最近の記者会見で、立憲の若手が「消費税廃止」を訴える「れいわ新選組」の山本太郎代表と一緒に(昨年6月に消費税を廃止した)マレーシアを視察した件で、枝野さんは「(マレーシアは)消費税を廃止したけど失敗した国ですよね」と冷笑した。

驚きである。野党第1党の代表としては、若手の「研究熱心」を自慢するのが普通だが......若手のマレーシア視察は「消費税減税」で野党結集を進める狙いだったのに、冷たく「消費税ゼロの国は失敗!」と言い放つ。

参議院選で一躍「人気者」になった山本太郎にヤキモチを焼いている!としか思えない。

この枝野発言で「消費税減税で野党共闘」は怪しくなった。

   ×  ×  ×

人間、誰でもヤキモチを焼く。生後5カ月の乳児でもヤキモチを焼く。でも子供と違って「大人のヤキモチ」は複雑だ。

ヤキモチには「嫉妬(jealousy)」と「羨望(envy)」という心理学的に異なる二つの感情が存在する。

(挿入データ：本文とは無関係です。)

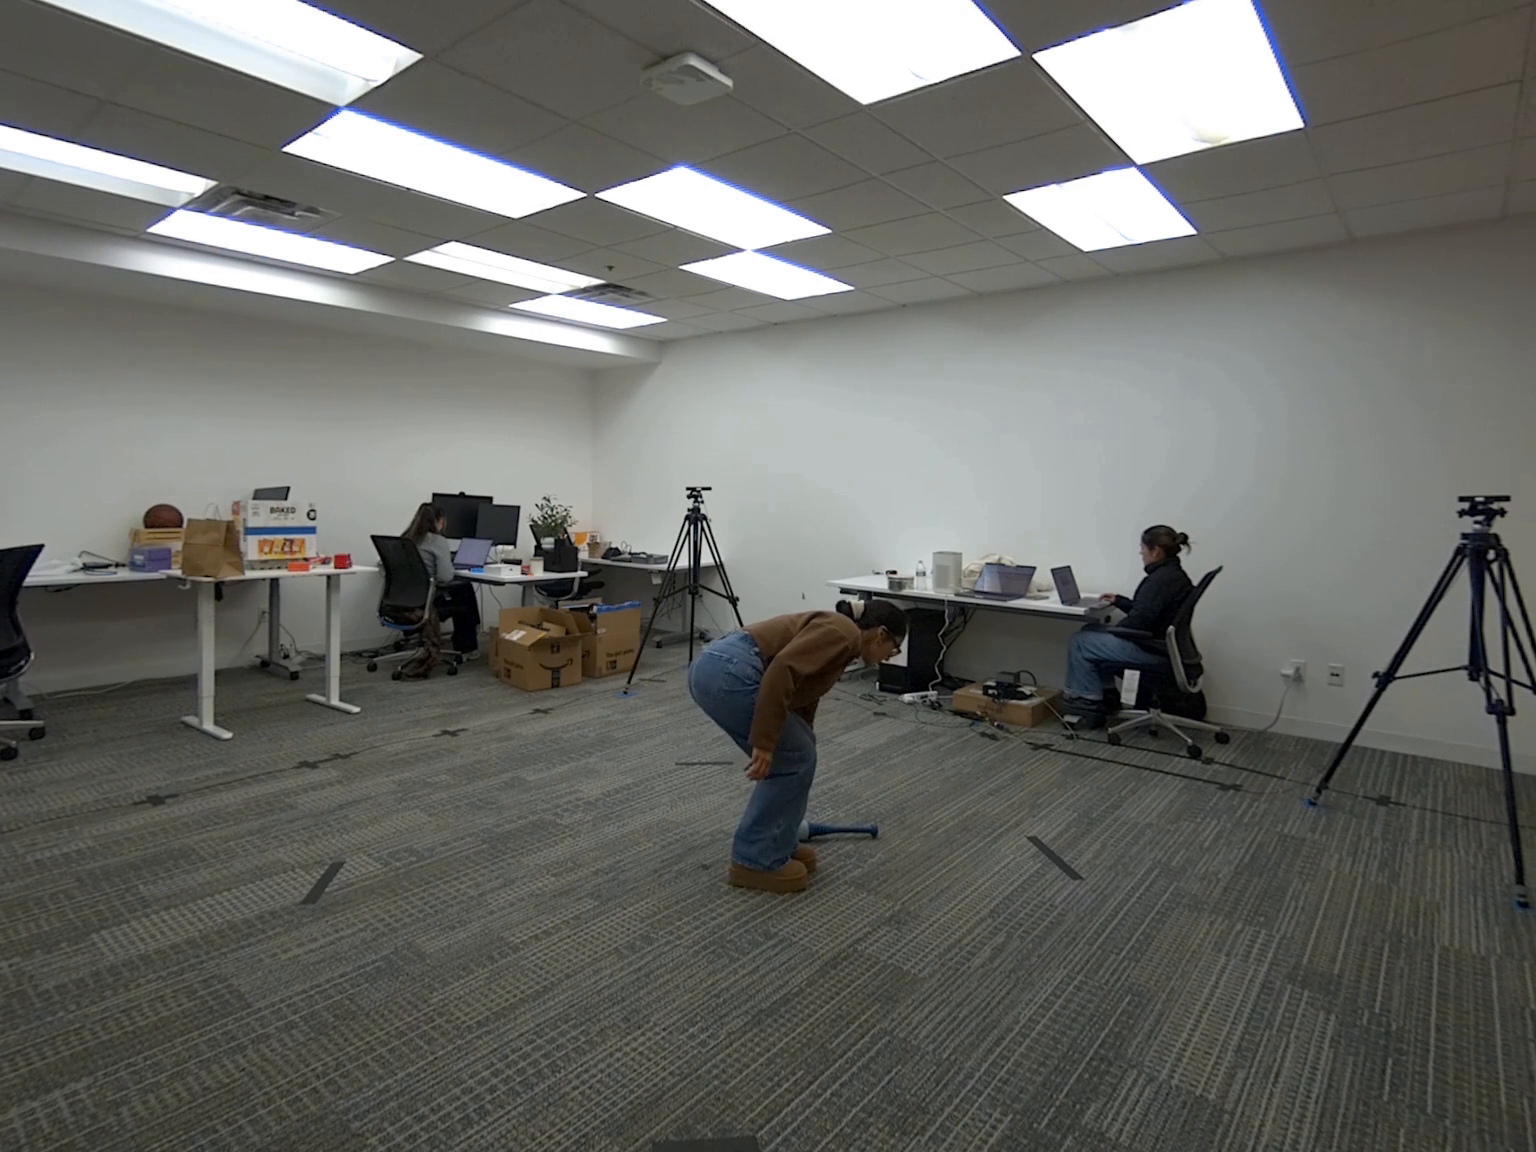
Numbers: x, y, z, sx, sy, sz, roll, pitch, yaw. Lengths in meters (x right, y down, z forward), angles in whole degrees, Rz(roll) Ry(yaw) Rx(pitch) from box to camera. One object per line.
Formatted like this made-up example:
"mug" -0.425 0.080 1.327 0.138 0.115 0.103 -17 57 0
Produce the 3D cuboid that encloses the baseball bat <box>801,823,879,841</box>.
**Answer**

18世紀フランスの哲学者・ジャン・ル・ロン・ダランベールは「人は自分の所有しているものに嫉妬し、他人の所有しているものを羨望する。羨望とは"他人の勢力下にあるもの"を所有したいという欲望であり、嫉妬とは"自分自身の所有物"をもち続けようとする時の"邪推深い気づかい"」と定義した。

枝野さんは山本太郎が発掘し、手に入れた「新しい支持層」を"羨望"し、これまで自分が支配していた「野党勢力」を奪われたのではないか?とビクビクしている。

羨望と嫉妬。この二つの感情が入り交じり、枝野さん、つい「指導者としての限界」を露呈してしまった。

   ×  ×  ×

政治家が「嫉妬」に狂うと何をしでかすか分からない。

戦時中のことである。時の東條英機首相を批判して一躍、人気者になった中野正剛という政治家がいた。昭和17(1942)年11月10日、中野は母校・早稲田大学大隈講堂で「天下一人を以て興る」という演題で2時間半にわたり、東條を弾劾する大演説を行った。

「諸君は由緒あり、歴史ある早稲田の大学生である。便乗はよしなさい。歴史の動向と取り組みなさい。天下一人を以て興る。諸君みな一人を以て興ろうではないか!」と訴えた。

中野の呼びかけに、学生たちは全員、起立し、校歌「都の西北」を合唱して応えた。

翌年元日、中野は『朝日新聞』紙上に「戦時宰相論」を発表。「日本には尊い皇室がおられるので、多少の無能力な宰相でも務まるようにできているのである」と(名前はあげなかったが、)東條首相を痛烈に批判した(この論文は朝日新聞の縮刷版には、載っていない。検閲で抹殺された)。

元日、首相官邸で(検閲前の)『朝日新聞』を読んだ東條は羨望・嫉妬した。大学生に圧倒的な支持を得て、その言い分が大新聞で紹介される。

独裁者は「中野正剛」にヤキモチを焼いた。中野は東條にとって最も警戒する人物の一人になってしまった。

この年の10月21日、東條の命令で、警視庁特高部は中野を身柄拘束。厳しい取り調べを受ける。

取り調べの実態には諸説あるが、中野は追い詰められ、事実と違うことも自白したらしい。25日、釈放されるが、憲兵の見張りが続く中で、2日後、割腹自殺した。

   ×  ×  ×

「れいわ新選組」の山本太郎は「令和の中野正剛」ではあるまいか?そんな気がする。

彼は希代の雄弁家である。2時間も3時間も話し続ける。その馬力は並ではない。真っ向から、権力に立ち向かう。屈しない。独裁色が色濃い安倍政権にとって「最も警戒する人物」になっている。

山本太郎は議員ではないが、最も注目され、時に羨望され、時に嫉妬されている。

「嫉妬」の「嫉」は「そねみ」。「妬」は「ねたみ」。二重の「ねたみ」である。『広辞苑』(岩波書店)の「嫉妬」の項には「自分よりすぐれた者をねたみそねむこと」とある。

自分より「すぐれた存在」に気づくと、抹殺するのが「無能な政治家」の常である。

山本太郎のスキャンダルを探せ!という大号令が聞こえてくる。「令和の中野正剛」に「何か」が起こらないとよいのだが。